Unix Script reading a specific line and position

Question

I need to have a script read the files coming in and check information for verification.

On the first line of the files to be read is a date but in numeric form. eg: 20080923 But before the date is other information, I need to read it from position 27. Meaning line 1 position 27, I need to get that number and see if it’s greater then another number.

I use the grep command to check other information but I use special characters to search, in this case the information before the date is always different, so I can’t use a character to search on.
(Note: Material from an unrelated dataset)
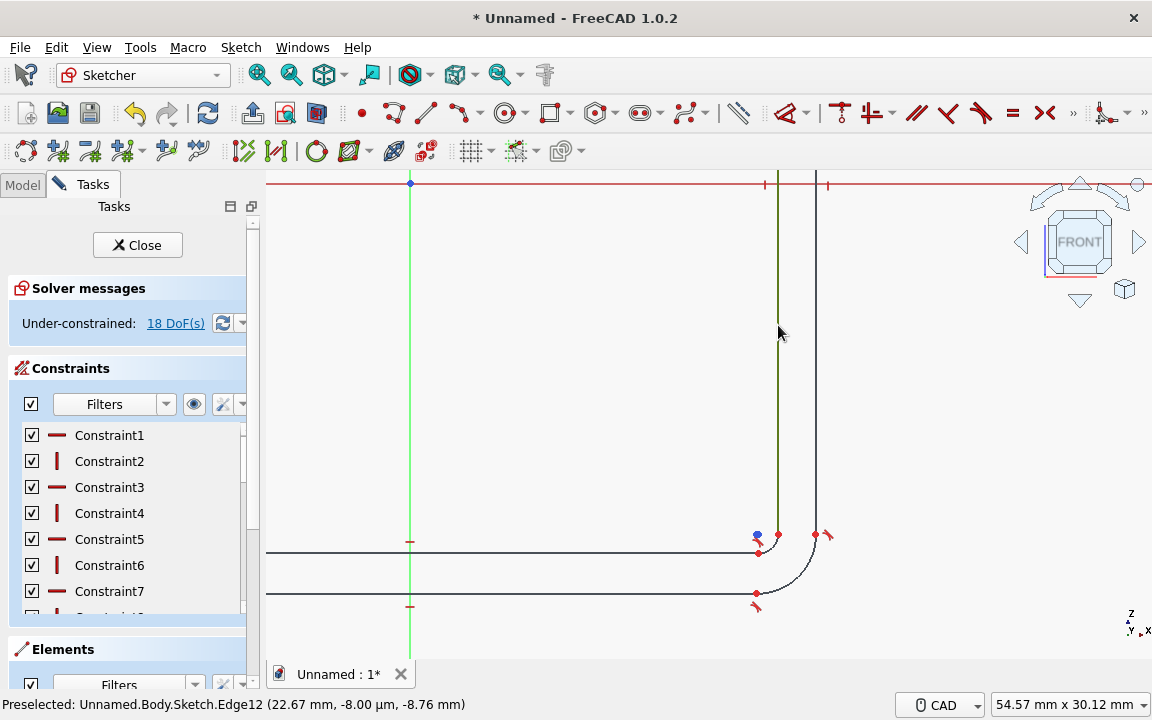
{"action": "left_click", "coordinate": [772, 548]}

It has to be done by line 1 position 27.

Thanks.

Answer 1

sed 1q $file | cut -c27-34

The sed command reads the first line of the file and the cut command chops out characters 27-34 of the one line, which is where you said the date is.

Added later:

For the more general case - where you need to read line 24, for example, instead of the first line, you need a slightly more complex sed command:

sed -n -e 24p -e 24q | cut -c27-34
sed -n '24p;24q' | cut -c27-34

The -n option means 'do not print lines by default'; the 24p means print line 24; the 24q means quit after processing line 24. You could leave that out, in which case sed would continue processing the input, effectively ignoring it.

Finally, especially if you are going to validate the date, you might want to use Perl for the whole job (or Python, or Ruby, or Tcl, or any scripting language of your choice).

Answer 2

You can extract the characters starting at position 27 of line 1 like so:

datestring=`head -1 $file | cut -c27-`

You'd perform your next processing step on $datestring.